Gramicidin is one of the most extensively studied channel former peptides.^9–11 It is a linear peptide (pentadecaptide), which assembles into a helical transmembrane dimer structure¹² producing a continuous channel through a lipid bilayer. This peptide in its dimer form has a length of 26 Å, which is sufficient for the dimer to span a lipid bilayer (40 Å) and form pores of 4 Å in diameter.^13,14 Through the gramicidin pores, monovalent cations are transported. Gramicidin in its active form permits cation selective transport, while divalent cations like Ca²⁺ block the channel.⁹ Ion selectivity for gramicidin follows the following order:⁹ H⁺ > NH₄⁺ > Cs⁺ > Rb⁺ >K⁺ > Na⁺ > Li⁺. Supported membranes with inbuilt polypeptide gramicidin pores¹¹ have already provided significant information about several important biological processes.

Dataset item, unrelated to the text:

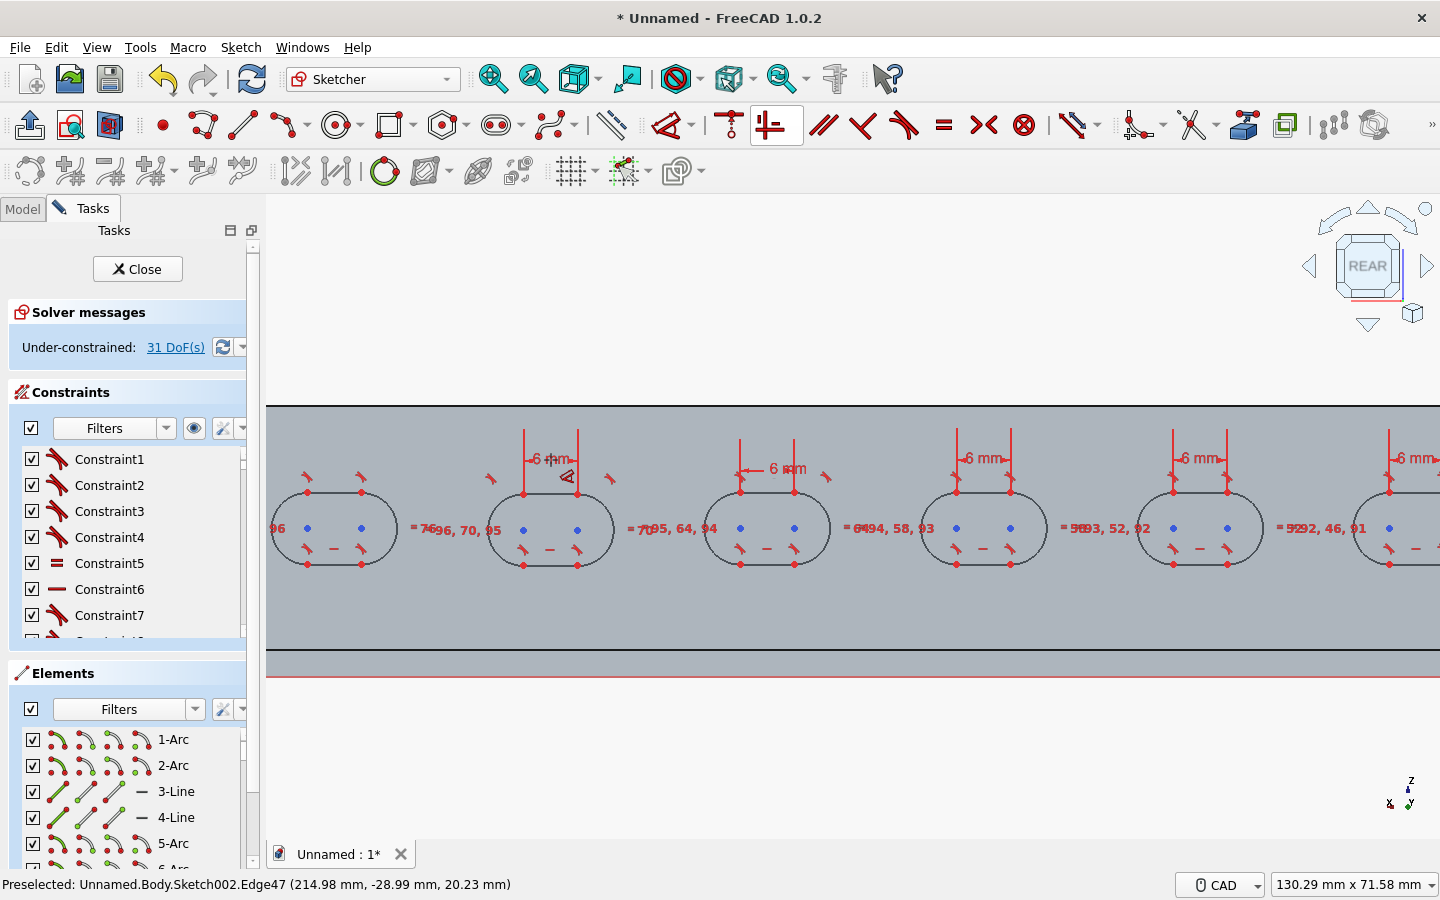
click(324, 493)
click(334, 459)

Layer by layer (LbL) films represent an interesting case as supports for lipid layers. The LbL technique is based on the alternating deposition of oppositely charged polyelectrolytes (PEs) that lead to the assembly of a multilayer polyelectrolyte film with nanometre precision.^15,16 Membranes supported on polymeric surfaces are of fundamental interest, as biological membranes are themselves supported on top of a cushion of biopolymers, the glycocalix or the cell wall.⁸ The LbL assembly provides in addition a simple means of fabricating thin films on charged surfaces. Lipid layers on polyelectrolyte multilayers (PEMs) could be assembled on almost any surface and the distance between the interface and the lipids could be controlled in the nanometre range by the number of assembled polyelectrolyte layers. Cassier et al.¹⁷ have shown that it is possible to support lipid layers on top of PEMs fabricated by the LbL technique. Despite the fact that lipid layers assembled on polyelectrolyte capsules decrease the ionic conductivity for capsule walls,^18–20 early examples in the literature of lipid layers on PEMs, mainly by Kügler and Knoll²¹ and Cassier et al.¹⁷ show lipid layers with defects and high conductivity. The electrical characteristics of the lipid layers on PEMs were far from those of the black lipid membranes. A possible reason for the high conductivity observed for lipid layers on PEMs may be that the lipid composition for the vesicles used in the studies by the groups of Möhwald and Knoll do not lead to bilayer formation but to the assembly of not-fully fused vesicles, as was shown later.²² Because of the high conductivity of the lipid layers, no attempts to integrate channels in lipid bilayers assembled on PEMs have been reported. The high conductivity or ionic permeability of the lipids would not allow tuning or selectively blocking of the ion permeability by the incorporation of channels.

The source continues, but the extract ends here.